What Error exactly do you get?

What happens if you combine theBind & BindType like this?:

ps.Bind(0, UserNameText.Text, MySQLPreparedStatement.MYSQL_TYPE_STRING)
3

This line

Dim ps As PreparedSQLStatement

Needs to be

Dim ps As MySQLPreparedStatement
4

Hi Greg, I was going to post that but this code is in the MySQLPreparedStatement docs:

[code]Dim ps As PreparedSQLStatement = _
db.Prepare(“SELECT * FROM Persons WHERE Name = ? AND Age >= ?”)

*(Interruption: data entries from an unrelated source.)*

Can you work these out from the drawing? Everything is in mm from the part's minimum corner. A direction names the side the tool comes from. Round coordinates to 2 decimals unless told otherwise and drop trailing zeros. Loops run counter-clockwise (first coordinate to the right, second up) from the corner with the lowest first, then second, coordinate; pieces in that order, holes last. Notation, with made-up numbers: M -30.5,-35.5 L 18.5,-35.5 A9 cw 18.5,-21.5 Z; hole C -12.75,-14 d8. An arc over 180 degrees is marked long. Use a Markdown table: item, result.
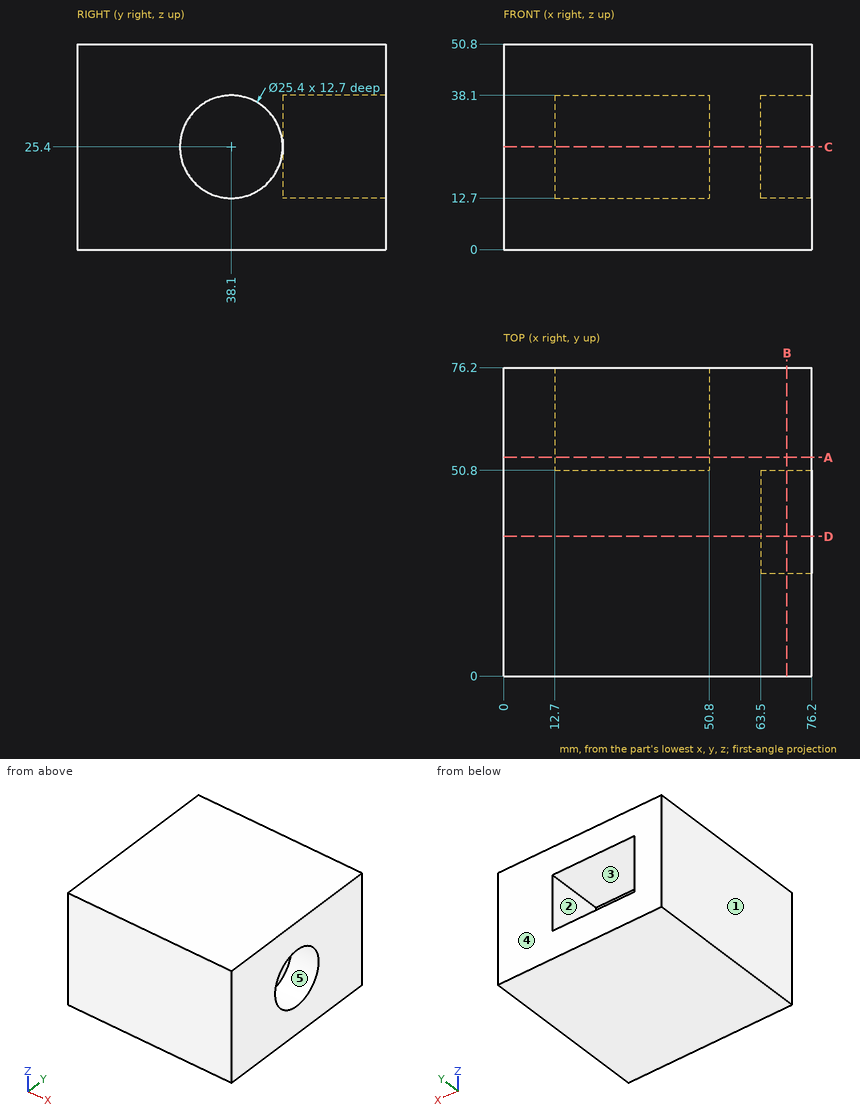
1. Imagine slicing it at A-A, the plane y = 54. Write out the boundary of the cut face in (x, z), then the cut area to 3 significant figures.
Answer sheet:
| item | result |
|---|---|
| outline | M 0,0 L 76.2,0 L 76.2,50.8 L 0,50.8 Z; hole M 12.7,12.7 L 50.8,12.7 L 50.8,38.1 L 12.7,38.1 Z |
| area | 2,900 mm2 |
2. We'd pull the mould along Y, two halves only. Please class the marked faces 3, 4 and 5: +Y half, -Y half, draft (parallel to the pull), parting line (faces both ways), or undercut.
Answer sheet:
| item | result |
|---|---|
| face 3 | draft |
| face 4 | +Y half |
| face 5 | undercut |
3. Imagine slicing it at D-D, the plane y = 34.5. Write out the boundary of the cut face in (x, z).
Answer sheet:
| item | result |
|---|---|
| outline | M 0,0 L 76.2,0 L 76.2,13.22 L 63.5,13.22 L 63.5,37.58 L 76.2,37.58 L 76.2,50.8 L 0,50.8 Z |
4. For pin 1 Ø12 at (y, z) = (11.5, 8.5) entering from -X; pin 2 Ø7.5 at (x, z) = (37.5, 28.5) entering from +Y, each with a flat end and sliding along its axis, tell me the tip position at first contact or that it passes through.
Answer sheet:
| item | result |
|---|---|
| pin 1 | x = 0 |
| pin 2 | y = 50.8 |
5. Imagine slicing it at B-B, the plane x = 70. Write out the boundary of the cut face in (y, z), then the cut area to 3 significant figures.
Answer sheet:
| item | result |
|---|---|
| outline | M 0,0 L 76.2,0 L 76.2,50.8 L 0,50.8 Z; hole C 38.1,25.4 d25.4 |
| area | 3,360 mm2 |
6. I need wall thicknesses on probe 1 along Y at (x, z) = (71, 25.4); probe 2 along X at (y, z) = (58.5, 13); probe 3 along Z at (x, y) = (33, 52.5). Which ranges of each line are inside material? Lowest first, please. Write a range as from..to.
Answer sheet:
| item | result |
|---|---|
| probe 1 | 0..25.4, 50.8..76.2 |
| probe 2 | 0..12.7, 50.8..76.2 |
| probe 3 | 0..12.7, 38.1..50.8 |
7. Imagine slicing it at C-C, the plane z = 25.4. Write out the boundary of the cut face in (x, y).
Answer sheet:
| item | result |
|---|---|
| outline | M 0,0 L 76.2,0 L 76.2,25.4 L 63.5,25.4 L 63.5,50.8 L 76.2,50.8 L 76.2,76.2 L 50.8,76.2 L 50.8,50.8 L 12.7,50.8 L 12.7,76.2 L 0,76.2 Z |
8. Which directions (+Z, -Z, +X, -X, +Y, -Y) give clear straight access to the entire face, cutting with the end or side of a thin tool? Please do the marked faces 1 and 2.
Answer sheet:
| item | result |
|---|---|
| face 1 | +Z, -Z, -X, +Y, -Y |
| face 2 | +Y |
from build123d import *

# Parameters (mm, degrees)
SKETCH1_W                  = 170
SKETCH1_H                  = 20
BOSS_EXTRUDE1_DEPTH        = 130
SKETCH2_R                  = 30
SKETCH2_R_2                = 15
BOSS_EXTRUDE3_DEPTH        = 60
BOSS_EXTRUDE3_DEPTH_BACK   = 6
BOSS_EXTRUDE3_2_DEPTH      = 60
BOSS_EXTRUDE3_2_DEPTH_BACK = 6
SKETCH2_4_W                = 55
SKETCH2_4_H                = 55
BOSS_EXTRUDE4_DEPTH        = 6
BOSS_EXTRUDE4_DEPTH_BACK   = 6
SKETCH2_5_W                = 55
SKETCH2_5_H                = 55
SKETCH2_5_R                = 20
BOSS_EXTRUDE5_DEPTH        = 100
RIB10_REACH                = 192.076
SKETCH3_WALL_W             = 453.9773952
SKETCH3_WALL_H             = 15
SKETCH4_R                  = 13
CUT_EXTRUDE1_DEPTH         = 217.573313222


with BuildPart() as part:
    # Sketch1 → Boss-Extrude1 (new body)
    with BuildSketch(Plane.XY):
        Rectangle(SKETCH1_W, SKETCH1_H)
    extrude(amount=-BOSS_EXTRUDE1_DEPTH)



with BuildPart() as body_2:
    # Sketch2 → Boss-Extrude3 (new, two sides)
    with BuildSketch(Plane(origin=(0, 0, 0), x_dir=(1, 0, 0), z_dir=(0, 1, 0))) as boss_extrude3_sk:
        with Locations(Location((-118, 65, 0), (0, 0, 270))):
            Circle(SKETCH2_R)
        with Locations(Location((-118, 65, 0), (0, 0, 270))):
            Circle(SKETCH2_R_2, mode=Mode.SUBTRACT)
    extrude(amount=BOSS_EXTRUDE3_DEPTH)
    extrude(boss_extrude3_sk.sketch, amount=-BOSS_EXTRUDE3_DEPTH_BACK)


with BuildPart() as body_3:
    # Sketch2 → Boss-Extrude3 2 (new, two sides)
    with BuildSketch(Plane(origin=(0, 0, 0), x_dir=(1, 0, 0), z_dir=(0, 1, 0))) as boss_extrude3_2_sk:
        with Locations(Location((118, 65, 0), (0, 0, 270))):
            Circle(SKETCH2_R)
        with Locations(Location((118, 65, 0), (0, 0, 270))):
            Circle(SKETCH2_R_2, mode=Mode.SUBTRACT)
    extrude(amount=BOSS_EXTRUDE3_2_DEPTH)
    extrude(boss_extrude3_2_sk.sketch, amount=-BOSS_EXTRUDE3_2_DEPTH_BACK)


with BuildPart() as part_1:
    add(part.part)

    add(body_2.part)  # Boss-Extrude4 merges body 2

    add(body_3.part)  # Boss-Extrude4 merges body 3
    # Sketch2_4 → Boss-Extrude4 (add, two sides)
    with BuildSketch(Plane(origin=(0, 0, 0), x_dir=(1, 0, 0), z_dir=(0, 1, 0))) as boss_extrude4_sk:
        with BuildLine():
            Line((85, 130), (-85, 130))
            Line((-85, 130), (-85, 110))
            ThreePointArc((-85, 110), (-89.393398282, 99.393398282), (-100, 95))
            Line((-100, 95), (-118, 95))
            ThreePointArc((-118, 95), (-96.786796564, 86.213203436), (-88, 65))
            ThreePointArc((-88, 65), (-96.786796564, 43.786796564), (-118, 35))
            Line((-118, 35), (-100, 35))
            ThreePointArc((-100, 35), (-89.393398282, 30.606601718), (-85, 20))
            Line((-85, 20), (-85, 0))
            Line((-85, 0), (85, 0))
            Line((85, 0), (85, 20))
            ThreePointArc((85, 20), (89.393398282, 30.606601718), (100, 35))
            Line((100, 35), (118, 35))
            ThreePointArc((118, 35), (88, 65), (118, 95))
            Line((118, 95), (100, 95))
            ThreePointArc((100, 95), (89.393398282, 99.393398282), (85, 110))
            Line((85, 110), (85, 130))
        make_face()
        with Locations((0, 65)):
            Rectangle(SKETCH2_4_W, SKETCH2_4_H, mode=Mode.SUBTRACT)
    extrude(amount=BOSS_EXTRUDE4_DEPTH)
    extrude(boss_extrude4_sk.sketch, amount=-BOSS_EXTRUDE4_DEPTH_BACK)

    # Sketch2_5 → Boss-Extrude5 (add)
    with BuildSketch(Plane(origin=(0, 0, 0), x_dir=(1, 0, 0), z_dir=(0, 1, 0))):
        with Locations((0, 65)):
            Rectangle(SKETCH2_5_W, SKETCH2_5_H)
        with Locations(Location((0, 65, 0), (0, 0, 270))):
            Circle(SKETCH2_5_R, mode=Mode.SUBTRACT)
    extrude(amount=BOSS_EXTRUDE5_DEPTH)

    # Sketch3 wall → Rib10 (add, up to next)
    with BuildSketch(Plane(origin=(-58.860010645, 77.5, -65), x_dir=(-0.873236351537, -0.487296905752, 0), z_dir=(0.487296905752, -0.873236351537, 0)), mode=Mode.PRIVATE) as rib10_sk1:
        Rectangle(SKETCH3_WALL_W, SKETCH3_WALL_H)
    rib10_tool1 = extrude(rib10_sk1.sketch, amount=RIB10_REACH, mode=Mode.PRIVATE) - part_1.part
    rib10 = rib10_tool1.solids().sort_by_distance((-58.860010645, 77.5, -65))[0]
    add(rib10)

    # Mirror1: Rib10 across plane
    add(rib10.mirror(Plane(origin=(0, 0, 0), x_dir=(0, 0, 1), z_dir=(1, 0, 0))))

    # Sketch4 → Cut-Extrude1 (cut, through all)
    with BuildSketch(Plane(origin=(0, 10, 0), x_dir=(1, 0, 0), z_dir=(0, 1, 0))):
        with Locations(Location((-63, 108, 0), (0, 0, 270))):
            Circle(SKETCH4_R)
        with Locations(Location((63, 108, 0), (0, 0, 270))):
            Circle(SKETCH4_R)
        with Locations(Location((-63, 22, 0), (0, 0, 270))):
            Circle(SKETCH4_R)
        with Locations(Location((63, 22, 0), (0, 0, 270))):
            Circle(SKETCH4_R)
    extrude(amount=-CUT_EXTRUDE1_DEPTH, mode=Mode.SUBTRACT)


solid = part_1.part
Can you work these out from the model? Positions are in its coordinate system, mm. A direction names the side the tool comes from. Give positions to 0.01 mm unless a question says otherwise; leave off trailing zeros. Loops run counter-clockwise (first coordinate to the right, second up) from the corner with the lowest first, then second, coordinate; pieces in that order, holes last. Notation, with made-up numbers: (63.5, -34.75) - (73.5, -34.75) arc R25 cw to (73.5, -9.75) - close; hole circle Ø1 at (-6, -21.75). An arc over 180 degrees is marked (long way). Answer as a JSON object with one key per item and string values.
Q1. Imagine slicing it at A-A on z = -65. Write out the boundary of the cut face in (x, y).
Geometry says:
{"outline": "(-148, -6) - (-133, -6) - (-133, 60) - (-148, 60) - close; (-103, -6) - (-85, -6) - (-85, -10) - (85, -10) - (85, -6) - (103, -6) - (103, 60) - (90.22, 60) - (27.5, 95) - (27.5, 100) - (20, 100) - (20, 10) - (-20, 10) - (-20, 100) - (-27.5, 100) - (-27.5, 95) - (-90.22, 60) - (-103, 60) - close; (133, -6) - (148, -6) - (148, 60) - (133, 60) - close"}
Q2. Imagine slicing it at B-B on y = 3. Write out the boundary of the cut face in (x, z), plus the area to 3 significant figures.
Geometry says:
{"outline": "(-118, -95) - (-100, -95) arc R15 cw to (-85, -110) - (-85, -130) - (85, -130) - (85, -110) arc R15 cw to (100, -95) - (118, -95) arc R30 ccw to (118, -35) - (100, -35) arc R15 cw to (85, -20) - (85, 0) - (-85, 0) - (-85, -20) arc R15 cw to (-100, -35) - (-118, -35) arc R30 ccw to start; hole circle Ø30 at (-118, -65); hole circle Ø26 at (-63, -108); hole circle Ø26 at (-63, -22); hole circle Ø26 at (63, -108); hole circle Ø26 at (63, -22); hole circle Ø30 at (118, -65)", "area": "25,500 mm²"}
Q3. Imagine slicing it at D-D on x = 0. Write out the boundary of the cut face in (y, z), plus the area to 3 significant figures.
Geometry says:
{"outline": "(-10, -130) - (10, -130) - (10, -92.5) - (100, -92.5) - (100, -85) - (10, -85) - (10, -45) - (100, -45) - (100, -37.5) - (10, -37.5) - (10, 0) - (-10, 0) - close", "area": "3,950 mm²"}
Q4. Will these pins go through, and if not, where does the flat tip stop? P1, Ø19, axis at x = 122.5, z = -59.5, coming from the -Y side; P2, Ø6, axis at x = -105, y = -1, coming from the +Z side; P3, Ø3.5, axis at x = -106, y = -1.5, coming from the -Z side.
Geometry says:
{"P1": "y = -6", "P2": "z = -35", "P3": "z = -95"}
Q5. Imagine slicing it at C-C on y = 54.5. Write out the boundary of the cut face in (x, z), plus the area to 3 significant figures.
Geometry says:
{"outline": "(-88.95, -72.5) - (-27.5, -72.5) - (-27.5, -92.5) - (27.5, -92.5) - (27.5, -72.5) - (88.95, -72.5) arc R30 ccw (long way) to (88.95, -57.5) - (27.5, -57.5) - (27.5, -37.5) - (-27.5, -37.5) - (-27.5, -57.5) - (-88.95, -57.5) arc R30 ccw (long way) to start; hole circle Ø30 at (-118, -65); hole circle Ø40 at (0, -65); hole circle Ø30 at (118, -65)", "area": "7,830 mm²"}
Q6. If I drill on L1, parallel to X at y = 46.5, z = -65; L2, parallel to X at y = 9, z = -65; L3, parallel to Z at x = 64, y = 1, over which ranges is the centre line in solid material (lowest first)?
Geometry says:
{"L1": "-148 to -133, -103 to -20, 20 to 103, 133 to 148", "L2": "-148 to -133, -103 to 103, 133 to 148", "L3": "-130 to -120.96, -95.04 to -34.96, -9.04 to 0"}
Q7. Which directions (+Z, -Z, +X, -X, +Y, -Y) give clear straight access to the entire face, cutting with the end or side of a thin tool? Please do faces 4 (the cylindrical face through (-147.975, 27.462, -66.213)), 5 (the flat face through (109, 0, -95)), 6 (the flat face through (92, 6, -42)), 7 (the flat face through (-92, 6, -89)), 8 (the flat face through (-109, 0, -35)).
Geometry says:
{"face 4": "+Y", "face 5": "-Z, +X, +Y, -Y", "face 6": "+Z, +Y", "face 7": "-Z, +Y", "face 8": "+Z, -X, +Y, -Y"}
Q8. If we mould it in two halves opening along Z, with no side actions, what happens to faces 1 (the flat face through (0, 54, -92.5)), 2 (the cylindrical face through (0.88, 54.37, -84.98)), 3 (the flat face through (85, -7, -64))? For each: pulls with the +Z half, pulls with the -Z half, needs draft (parallel to the pull), parting line crosses it, or undercut.
Geometry says:
{"face 1": "pulls with the -Z half", "face 2": "undercut", "face 3": "needs draft"}
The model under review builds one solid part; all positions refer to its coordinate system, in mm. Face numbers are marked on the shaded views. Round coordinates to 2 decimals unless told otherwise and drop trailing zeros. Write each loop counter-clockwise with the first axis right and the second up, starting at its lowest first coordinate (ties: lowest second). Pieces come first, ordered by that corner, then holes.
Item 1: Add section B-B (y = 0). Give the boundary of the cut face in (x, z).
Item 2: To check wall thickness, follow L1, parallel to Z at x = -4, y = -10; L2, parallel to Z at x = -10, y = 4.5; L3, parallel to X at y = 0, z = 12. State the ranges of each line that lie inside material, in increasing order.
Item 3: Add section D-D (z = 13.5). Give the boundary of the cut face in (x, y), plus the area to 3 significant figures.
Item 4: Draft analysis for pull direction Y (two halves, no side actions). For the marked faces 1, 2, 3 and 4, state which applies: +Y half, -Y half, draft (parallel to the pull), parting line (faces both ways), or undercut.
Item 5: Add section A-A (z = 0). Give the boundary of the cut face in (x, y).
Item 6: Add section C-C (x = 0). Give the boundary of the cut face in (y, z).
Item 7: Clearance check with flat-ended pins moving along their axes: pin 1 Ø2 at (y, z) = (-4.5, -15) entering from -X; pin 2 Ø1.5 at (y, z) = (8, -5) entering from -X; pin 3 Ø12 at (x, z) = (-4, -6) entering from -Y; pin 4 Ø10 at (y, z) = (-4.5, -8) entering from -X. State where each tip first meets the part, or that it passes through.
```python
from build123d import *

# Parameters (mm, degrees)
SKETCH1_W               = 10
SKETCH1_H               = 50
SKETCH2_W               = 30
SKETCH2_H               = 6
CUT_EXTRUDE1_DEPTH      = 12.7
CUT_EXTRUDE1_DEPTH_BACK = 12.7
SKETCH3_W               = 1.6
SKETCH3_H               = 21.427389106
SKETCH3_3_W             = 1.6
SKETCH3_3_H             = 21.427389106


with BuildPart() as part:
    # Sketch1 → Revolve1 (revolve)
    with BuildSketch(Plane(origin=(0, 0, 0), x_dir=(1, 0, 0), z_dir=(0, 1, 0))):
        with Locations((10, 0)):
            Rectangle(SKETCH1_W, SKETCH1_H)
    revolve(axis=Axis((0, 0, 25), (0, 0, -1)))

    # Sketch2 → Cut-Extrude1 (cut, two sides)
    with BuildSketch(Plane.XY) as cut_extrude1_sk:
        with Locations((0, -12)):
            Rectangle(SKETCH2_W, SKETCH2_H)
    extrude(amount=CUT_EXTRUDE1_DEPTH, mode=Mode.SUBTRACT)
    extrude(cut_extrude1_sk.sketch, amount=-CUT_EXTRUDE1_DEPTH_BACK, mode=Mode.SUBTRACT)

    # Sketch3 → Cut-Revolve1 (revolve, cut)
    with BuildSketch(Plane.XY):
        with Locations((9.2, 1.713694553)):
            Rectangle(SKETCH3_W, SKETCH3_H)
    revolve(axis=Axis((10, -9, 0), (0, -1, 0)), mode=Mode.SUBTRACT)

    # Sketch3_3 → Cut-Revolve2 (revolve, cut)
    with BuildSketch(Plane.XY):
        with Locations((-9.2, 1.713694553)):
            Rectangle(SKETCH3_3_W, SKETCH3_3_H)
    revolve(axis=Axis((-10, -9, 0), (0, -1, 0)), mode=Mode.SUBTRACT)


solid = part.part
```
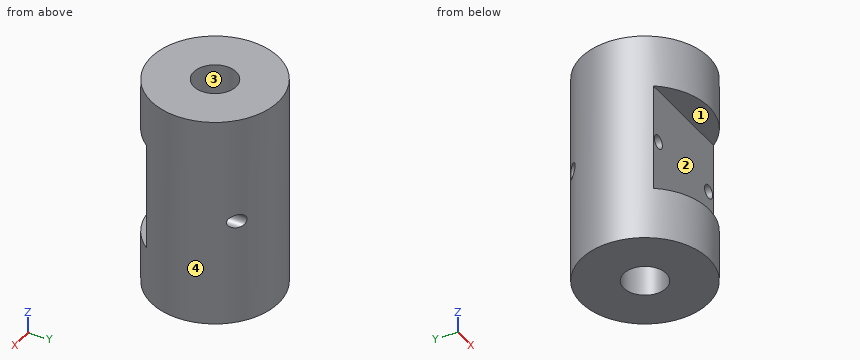
Numbers:
1. outline: (-15, -25) - (-5, -25) - (-5, 25) - (-15, 25) - close; (5, -25) - (15, -25) - (15, 25) - (5, 25) - close; hole circle Ø3.2 at (-10, 0); hole circle Ø3.2 at (10, 0)
2. L1: z = -25 to -12.7, 12.7 to 25
2. L2: z = -25 to -1.6, 1.6 to 25
2. L3: x = -15 to -5, 5 to 15
3. outline: circle Ø30 at (0, 0); hole circle Ø10 at (0, 0)
3. area: 628 mm2
4. face 1: draft
4. face 2: -Y half
4. face 3: undercut
4. face 4: parting line
5. outline: (-12, -9) - (-11.6, -9) - (-11.6, 9.51) arc R15 ccw to start; (-8.4, -9) - (8.4, -9) - (8.4, 12.43) arc R15 ccw to (-8.4, 12.43) - close; (11.6, -9) - (12, -9) arc R15 ccw to (11.6, 9.51) - close; hole circle Ø10 at (0, 0)
6. outline: (-15, -25) - (-5, -25) - (-5, 25) - (-15, 25) - (-15, 12.7) - (-9, 12.7) - (-9, -12.7) - (-15, -12.7) - close; (5, -25) - (15, -25) - (15, 25) - (5, 25) - close
7. pin 1: stops at x = -14.59
7. pin 2: stops at x = -13.13
7. pin 3: stops at y = -9
7. pin 4: stops at x = -15
Build history of the part. All positions in model axes, mm. A direction names the side the tool comes from. Give positions to 0.01 mm unless a question says otherwise; leave off trailing zeros. Loops run counter-clockwise (first coordinate to the right, second up) from the corner with the lowest first, then second, coordinate; pieces in that order, holes last. Notation, with made-up numbers: M -38.75,5 L 3.25,5 A25 cw 3.25,20 Z; hole C 1.25,-21 d2. An arc over 180 degrees is marked long. Put each result on its own line as item: value.
```python
from build123d import *

# Parameters (mm, degrees)
F1_DEPTH = 4.5
F2_R     = 1
F4_DEPTH = 4
F5_W     = 12.5
F5_H     = 2.9783394848
F6_DEPTH = 3.1


with BuildPart() as f1:
    # F0 (on Top) → F1 (new body)
    with BuildSketch(Plane.XY):
        with BuildLine():
            ThreePointArc((0, 3.8761399509), (0.2928932188, 3.1690331698), (1, 2.8761399509))
            Line((1, 2.8761399509), (29, 2.8761399509))
            ThreePointArc((29, 2.8761399509), (29.7071067812, 3.1690331698), (30, 3.8761399509))
            Line((30, 3.8761399509), (30, 13.8761399509))
            ThreePointArc((30, 13.8761399509), (29.7071067812, 14.5832467321), (29, 14.8761399509))
            Line((29, 14.8761399509), (1, 14.8761399509))
            ThreePointArc((1, 14.8761399509), (0.2928932188, 14.5832467321), (0, 13.8761399509))
            Line((0, 13.8761399509), (0, 3.8761399509))
        make_face()
        with BuildLine():
            ThreePointArc((5, 8.6761399509), (5.2928932188, 9.3832467321), (6, 9.6761399509))
            Line((6, 9.6761399509), (12.5, 9.6761399509))
            ThreePointArc((12.5, 9.6761399509), (13.2071067812, 9.3832467321), (13.5, 8.6761399509))
            Line((13.5, 8.6761399509), (13.5, 7.8761399509))
            ThreePointArc((13.5, 7.8761399509), (13.2071067812, 7.1690331698), (12.5, 6.8761399509))
            Line((12.5, 6.8761399509), (6, 6.8761399509))
            ThreePointArc((6, 6.8761399509), (5.2928932188, 7.1690331698), (5, 7.8761399509))
            Line((5, 7.8761399509), (5, 8.6761399509))
        make_face(mode=Mode.SUBTRACT)
    extrude(amount=F1_DEPTH)

    # F2
    f2_edges = [f1.edges().sort_by_distance(p)[0] for p in [
        (0.292893, 3.169033, 4.5),
        (15, 2.87614, 4.5),
        (29.707107, 3.169033, 4.5),
        (30, 8.87614, 4.5),
        (29.707107, 14.583247, 4.5),
        (15, 14.87614, 4.5),
        (0.292893, 14.583247, 4.5),
        (0, 8.87614, 4.5),
        (5.292893, 9.383247, 4.5),
        (9.25, 9.67614, 4.5),
        (13.207107, 9.383247, 4.5),
        (13.5, 8.27614, 4.5),
        (13.207107, 7.169033, 4.5),
        (9.25, 6.87614, 4.5),
        (5.292893, 7.169033, 4.5),
        (5, 8.27614, 4.5),
    ]]
    fillet(f2_edges, radius=F2_R)

    # F3 (on Top) → F4 (cut)
    with BuildSketch(Plane.XY):
        Polygon((28, 3.3761399509), (28, 14.3761399509), (2, 14.3761399509), (2, 3.3761399509), (14.5, 3.3761399509), (27, 3.3761399509), align=None)
    extrude(amount=F4_DEPTH, mode=Mode.SUBTRACT)

    # F5 (on Top) → F6 (cut)
    with BuildSketch(Plane.XY):
        with Locations((21.25, 14.7778680548)):
            Rectangle(F5_W, F5_H)
    extrude(amount=F6_DEPTH, mode=Mode.SUBTRACT)


solid = f1.part
```
Q1. Tool access for faces 4 (the flat face through (9, 14.376, 2)), 5 (the flat face through (12, 14.876, 2)), 6 (the cylindrical face through (9.296, 10.17, 4.362)): list every direction of +Z, -Z, +X, -X, +Y, -Y with a clear straight run to the whole face (end or side of a thin tool).
Here are the results:
face 4: -Z
face 5: +Z, -Z, +X, -X, +Y
face 6: +Z
Q2. Probe line 1 (X direction, y = 9.25, z = 2.45); line 2 (Y direction, x = 14.5, z = 3.2); line 3 (Y direction, x = 21, z = 2.05). List the from-to ranges inside material, lowest first. Write a range as from..to.
Here are the results:
line 1: 0..2, 28..30
line 2: 2.88..3.38, 14.38..14.88
line 3: 2.88..3.38
Q3. Drop flat-ended pins along their axis: pin 1 Ø5.5 at (x, y) = (9, 11) entering from -Z; pin 2 Ø0.6 at (x, y) = (21, 14.5) entering from -Z. Give the stop position or say it passes through.
Here are the results:
pin 1: z = 4
pin 2: z = 3.1
Q4. Mould opens along X. For faces 1 (the flat face through (0, 9, 2)), 2 (the cylindrical face through (29.71, 14.58, 1.73)), 3 (the cylindrical face through (9.205, 6.382, 4.362)) say: pulls with the +X half, pulls with the -X half, needs draft (parallel to the pull), parting line crosses it, or undercut.
Here are the results:
face 1: pulls with the -X half
face 2: pulls with the +X half
face 3: undercut
Q5. Slice it at A-A (z = 2.2). List the corners of the cut face in (x, y), and give its area (3 significant figures).
Here are the results:
outline: M 0,3.88 A1 ccw 1,2.88 L 29,2.88 A1 ccw 30,3.88 L 30,13.88 A1 ccw 29,14.88 L 27.5,14.88 L 27.5,14.38 L 28,14.38 L 28,3.38 L 2,3.38 L 2,14.38 L 15,14.38 L 15,14.88 L 1,14.88 A1 ccw 0,13.88 Z
area: 66.9 mm²
Q6. Slice it at B-B (y = 13.5). List the corners of the cut face in (x, z), and give its area (3 significant figures).
Here are the results:
outline: M 0,0 L 2,0 L 2,4 L 28,4 L 28,0 L 30,0 L 30,3.5 A1 ccw 29,4.5 L 1,4.5 A1 ccw 0,3.5 Z
area: 30.6 mm²
Q7. Slice it at C-C (x = 2.5). List the corners of the cut face in (y, z), and give its area (3 significant figures).
Here are the results:
outline: M 2.88,0 L 3.38,0 L 3.38,4 L 14.38,4 L 14.38,0 L 14.88,0 L 14.88,3.5 A1 ccw 13.88,4.5 L 3.88,4.5 A1 ccw 2.88,3.5 Z
area: 9.57 mm²

ps.BindType(0, MySQLPreparedStatement.MYSQL_TYPE_STRING)
ps.BindType(1, MySQLPreparedStatement.MYSQL_TYPE_LONG)

ps.Bind(0, “john”)
ps.Bind(1, 20)[/code]

and I haven’t used MySQL so I don’t know if that info is wrong.

5

Hi Greg,
When I prefix with MySQL, I get the following error when I Click on ‘button’ ‘Check this item for any errors’

Login.LoginButton.Action, line 2
Can’t find a type with this name
Dim ps As MYSQLPreparedSQLStatement = _

6

[quote=408703:@Sriram Chivikula]Hi Greg,
When I prefix with MySQL, I get the following error when I Click on ‘button’ ‘Check this item for any errors’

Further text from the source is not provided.